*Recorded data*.

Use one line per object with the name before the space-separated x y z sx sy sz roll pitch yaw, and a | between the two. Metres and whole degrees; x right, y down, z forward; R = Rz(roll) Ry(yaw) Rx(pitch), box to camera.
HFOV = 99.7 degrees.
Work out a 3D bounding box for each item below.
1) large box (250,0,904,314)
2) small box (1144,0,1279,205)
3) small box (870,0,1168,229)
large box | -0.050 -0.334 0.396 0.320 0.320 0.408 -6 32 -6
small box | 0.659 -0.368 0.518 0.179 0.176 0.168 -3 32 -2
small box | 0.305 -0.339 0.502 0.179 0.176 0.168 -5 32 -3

...

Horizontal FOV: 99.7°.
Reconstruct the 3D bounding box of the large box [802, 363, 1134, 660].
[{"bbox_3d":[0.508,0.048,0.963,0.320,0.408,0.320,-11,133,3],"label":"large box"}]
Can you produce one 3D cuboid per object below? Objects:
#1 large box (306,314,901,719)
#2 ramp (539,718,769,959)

--

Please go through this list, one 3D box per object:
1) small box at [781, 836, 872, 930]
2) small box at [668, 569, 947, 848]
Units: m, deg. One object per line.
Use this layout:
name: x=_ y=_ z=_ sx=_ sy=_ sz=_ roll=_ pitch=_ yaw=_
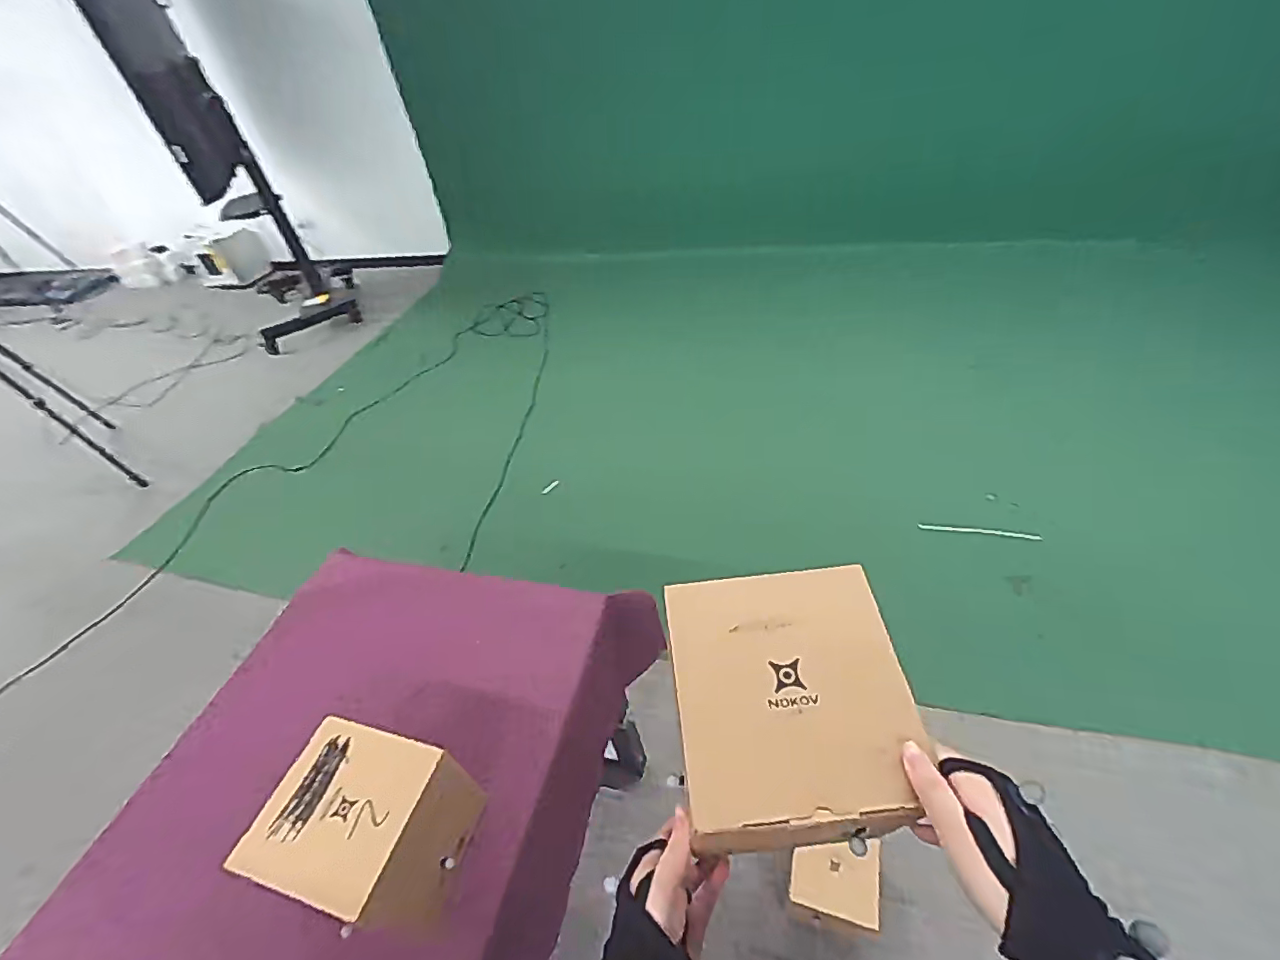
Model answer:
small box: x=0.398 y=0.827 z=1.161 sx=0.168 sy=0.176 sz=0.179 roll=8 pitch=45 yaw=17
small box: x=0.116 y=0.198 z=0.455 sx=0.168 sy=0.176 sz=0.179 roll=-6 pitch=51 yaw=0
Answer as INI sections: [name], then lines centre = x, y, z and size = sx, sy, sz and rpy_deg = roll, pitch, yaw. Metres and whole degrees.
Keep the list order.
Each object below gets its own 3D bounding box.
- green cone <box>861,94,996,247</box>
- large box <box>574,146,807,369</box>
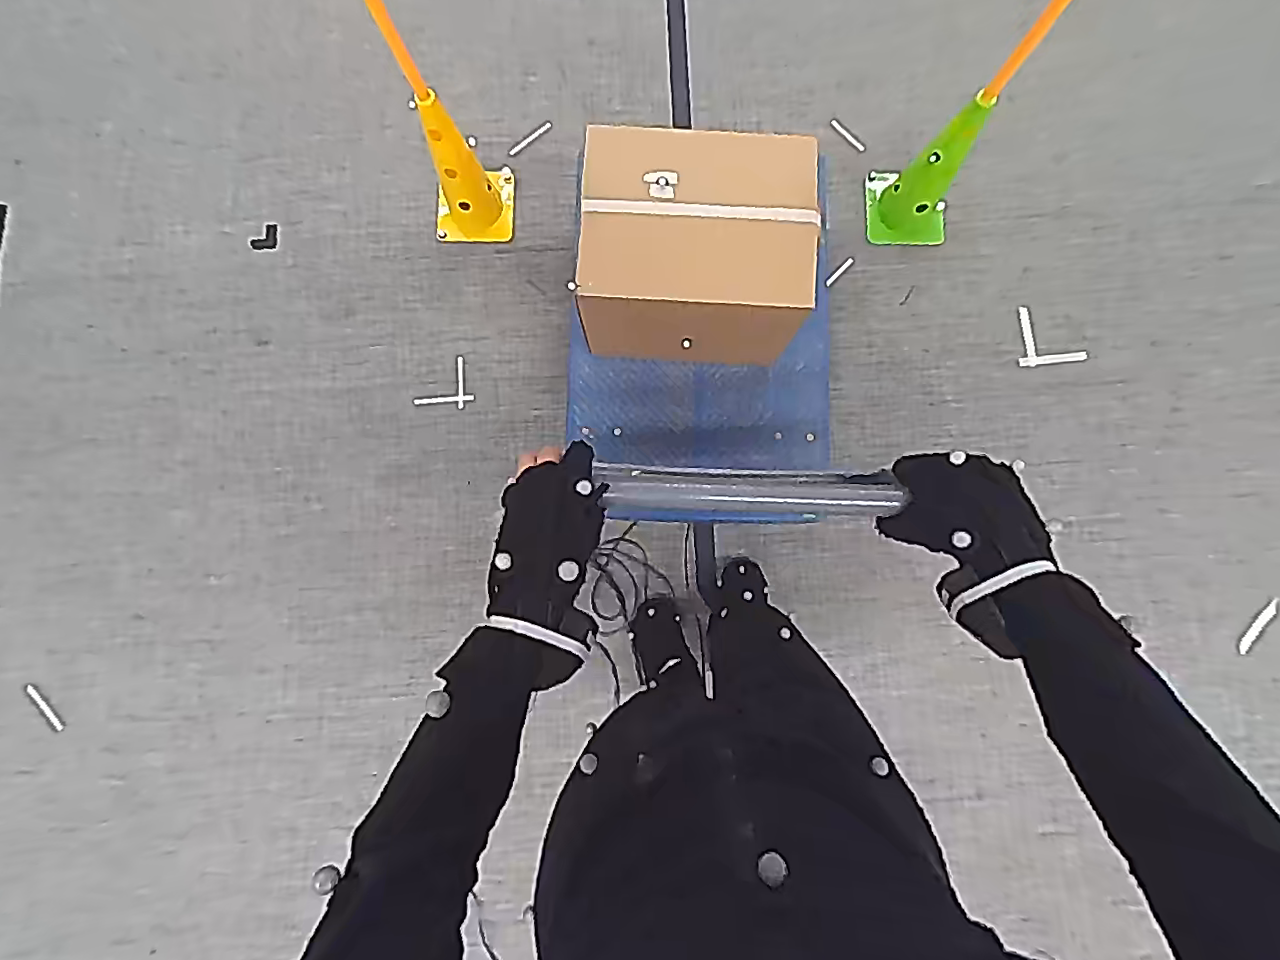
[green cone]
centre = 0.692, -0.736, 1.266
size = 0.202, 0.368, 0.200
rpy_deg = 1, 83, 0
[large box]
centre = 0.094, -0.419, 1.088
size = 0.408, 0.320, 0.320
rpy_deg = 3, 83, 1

*What to produce*.
Go through the entries above and report how many lines hold the word "below". Nothing but the number is needed.

*Your solution*.
3